I do not sense such focus. I do not sense the DNI's taking a leadership role, though of course he may be operating effectively behind the scenes, concealed from an outsider like myself. (The DNI is in fact largely invisible to the world outside the national security community, and this I take to be another failure of the community's public relations.) I conjecture that the cultural imbalance is stifling effective leadership on the domestic-intelligence front -- the Pentagon's huge budget, its control of the national intelligence agencies, the able and aggressive Secretary of Defense and his able and aggressive Under Secretary for Intelligence, and the FBI's apparent freedom from control by its nominal superiors.

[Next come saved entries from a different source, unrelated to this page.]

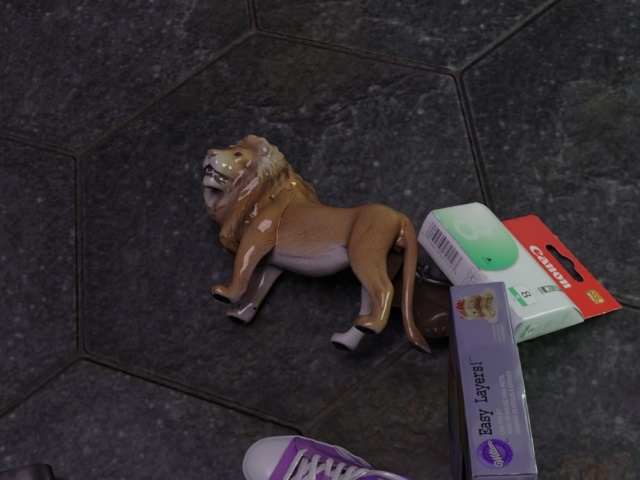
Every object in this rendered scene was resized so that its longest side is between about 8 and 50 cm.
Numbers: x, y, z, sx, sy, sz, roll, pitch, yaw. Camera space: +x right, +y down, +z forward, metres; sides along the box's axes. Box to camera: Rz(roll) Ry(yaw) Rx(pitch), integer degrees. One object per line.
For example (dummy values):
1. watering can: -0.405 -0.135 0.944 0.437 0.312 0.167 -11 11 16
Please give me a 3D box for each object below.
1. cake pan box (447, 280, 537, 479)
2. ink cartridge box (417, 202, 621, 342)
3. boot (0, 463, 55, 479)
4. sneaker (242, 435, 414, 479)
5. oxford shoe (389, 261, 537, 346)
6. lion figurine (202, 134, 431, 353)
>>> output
1. cake pan box: 0.177 0.221 1.162 0.070 0.245 0.267 -4 43 4
2. ink cartridge box: 0.253 0.027 1.340 0.225 0.056 0.181 -13 52 -37
3. boot: -0.415 0.436 1.309 0.264 0.096 0.280 -14 66 -5
4. sneaker: 0.025 0.276 1.250 0.282 0.161 0.102 18 67 22
5. oxford shoe: 0.169 0.097 1.376 0.227 0.083 0.096 14 71 29
6. lion figurine: 0.000 0.000 1.410 0.392 0.142 0.240 15 67 26
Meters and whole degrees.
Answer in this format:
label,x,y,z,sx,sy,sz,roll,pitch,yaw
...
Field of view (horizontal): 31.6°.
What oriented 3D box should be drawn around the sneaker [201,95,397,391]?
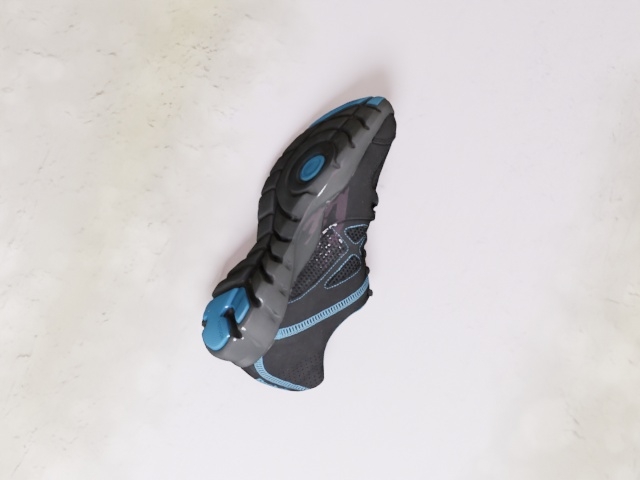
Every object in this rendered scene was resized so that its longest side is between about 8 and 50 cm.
label,x,y,z,sx,sy,sz,roll,pitch,yaw
sneaker,0.000,0.000,1.226,0.139,0.125,0.341,37,73,-30
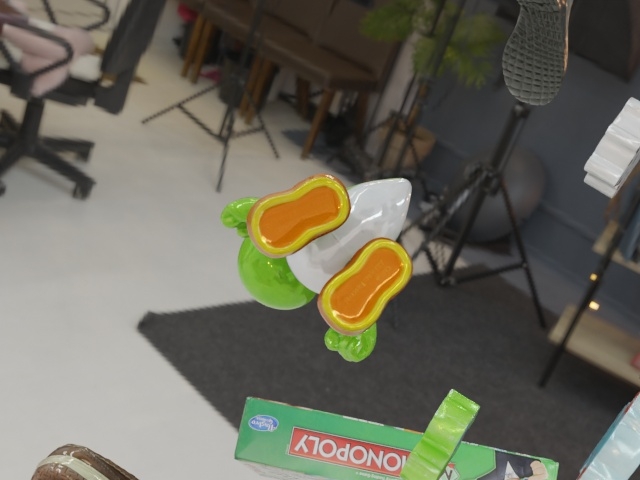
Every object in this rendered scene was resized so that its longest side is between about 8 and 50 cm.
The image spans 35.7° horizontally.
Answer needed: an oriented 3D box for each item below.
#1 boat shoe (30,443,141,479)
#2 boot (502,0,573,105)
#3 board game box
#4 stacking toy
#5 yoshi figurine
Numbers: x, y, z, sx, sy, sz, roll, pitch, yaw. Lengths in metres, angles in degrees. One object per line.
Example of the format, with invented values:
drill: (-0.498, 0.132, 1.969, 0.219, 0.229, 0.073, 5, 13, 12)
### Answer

We not only have no real domestic intelligence agency; we have no official with sole and comprehensive responsibility for domestic intelligence. It is no surprise that gaps in domestic intelligence are being filled by controversial ad hoc initiatives.
I want, in deference to my audience, to veer briefly into the area of legal policy, and to suggest that the best way to end one of these controversies -- the debate over the propriety of the National Security Agency's conducting electronic surveillance outside the framework of the Foreign Intelligence Surveillance Act -- is for Congress to enact a new statute along different lines from those currently in contemplation.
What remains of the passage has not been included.